Supplied material:

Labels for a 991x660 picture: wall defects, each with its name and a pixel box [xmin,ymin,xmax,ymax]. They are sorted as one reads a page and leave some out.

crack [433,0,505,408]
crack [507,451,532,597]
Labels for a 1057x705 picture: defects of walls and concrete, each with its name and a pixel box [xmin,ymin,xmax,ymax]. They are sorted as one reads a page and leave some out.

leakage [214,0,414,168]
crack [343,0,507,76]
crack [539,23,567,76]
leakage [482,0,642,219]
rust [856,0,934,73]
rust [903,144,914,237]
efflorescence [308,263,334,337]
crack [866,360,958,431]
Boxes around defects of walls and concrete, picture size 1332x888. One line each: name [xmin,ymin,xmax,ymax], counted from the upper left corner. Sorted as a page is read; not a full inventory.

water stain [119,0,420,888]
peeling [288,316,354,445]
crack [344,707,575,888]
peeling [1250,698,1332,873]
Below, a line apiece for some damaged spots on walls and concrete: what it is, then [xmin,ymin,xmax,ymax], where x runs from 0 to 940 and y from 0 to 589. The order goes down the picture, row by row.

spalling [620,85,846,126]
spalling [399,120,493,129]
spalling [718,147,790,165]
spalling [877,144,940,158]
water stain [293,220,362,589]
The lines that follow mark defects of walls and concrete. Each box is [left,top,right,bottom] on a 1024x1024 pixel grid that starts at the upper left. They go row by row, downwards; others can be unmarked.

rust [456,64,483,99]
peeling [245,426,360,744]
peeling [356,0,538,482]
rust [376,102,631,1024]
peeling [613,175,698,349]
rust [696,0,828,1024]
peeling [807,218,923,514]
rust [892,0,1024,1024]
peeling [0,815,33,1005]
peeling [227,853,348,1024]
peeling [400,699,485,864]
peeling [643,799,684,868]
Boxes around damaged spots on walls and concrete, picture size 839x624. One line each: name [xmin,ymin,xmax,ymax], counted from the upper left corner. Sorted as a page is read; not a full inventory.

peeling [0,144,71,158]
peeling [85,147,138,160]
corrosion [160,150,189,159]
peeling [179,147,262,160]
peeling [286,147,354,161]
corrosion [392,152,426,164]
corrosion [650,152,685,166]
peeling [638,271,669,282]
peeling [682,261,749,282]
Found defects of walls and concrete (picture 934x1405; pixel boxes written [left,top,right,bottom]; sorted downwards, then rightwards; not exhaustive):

Directions: Write the data out once more. Keep every word the same.

Solved problem:
Labels for a 991x660 picture: wall defects, each with its name and a pixel box [xmin,ymin,xmax,ymax]. They are sorted as one reads a page and leave some out.

crack [433,0,505,408]
crack [507,451,532,597]
Labels for a 1057x705 picture: defects of walls and concrete, each with its name and a pixel box [xmin,ymin,xmax,ymax]. They are sorted as one reads a page and leave some out.

leakage [214,0,414,168]
crack [343,0,507,76]
crack [539,23,567,76]
leakage [482,0,642,219]
rust [856,0,934,73]
rust [903,144,914,237]
efflorescence [308,263,334,337]
crack [866,360,958,431]
Boxes around defects of walls and concrete, picture size 1332x888. One line each: name [xmin,ymin,xmax,ymax], counted from the upper left corner. Sorted as a page is read; not a full inventory.

water stain [119,0,420,888]
peeling [288,316,354,445]
crack [344,707,575,888]
peeling [1250,698,1332,873]
Below, a line apiece for some damaged spots on walls and concrete: what it is, then [xmin,ymin,xmax,ymax], where x runs from 0 to 940 and y from 0 to 589. The order goes down the picture, row by row.

spalling [620,85,846,126]
spalling [399,120,493,129]
spalling [718,147,790,165]
spalling [877,144,940,158]
water stain [293,220,362,589]
The lines that follow mark defects of walls and concrete. Each box is [left,top,right,bottom] on a 1024x1024 pixel grid that starts at the upper left. They go row by row, downwards; others can be unmarked.

rust [456,64,483,99]
peeling [245,426,360,744]
peeling [356,0,538,482]
rust [376,102,631,1024]
peeling [613,175,698,349]
rust [696,0,828,1024]
peeling [807,218,923,514]
rust [892,0,1024,1024]
peeling [0,815,33,1005]
peeling [227,853,348,1024]
peeling [400,699,485,864]
peeling [643,799,684,868]
Boxes around damaged spots on walls and concrete, picture size 839x624. One line each: name [xmin,ymin,xmax,ymax], counted from the upper left corner. Sorted as a page is read; not a full inventory.

peeling [0,144,71,158]
peeling [85,147,138,160]
corrosion [160,150,189,159]
peeling [179,147,262,160]
peeling [286,147,354,161]
corrosion [392,152,426,164]
corrosion [650,152,685,166]
peeling [638,271,669,282]
peeling [682,261,749,282]
Found defects of walls and concrete (picture 934x1405; pixel boxes written [left,top,right,bottom]; sorted downwards, then rightwards; not exhaustive):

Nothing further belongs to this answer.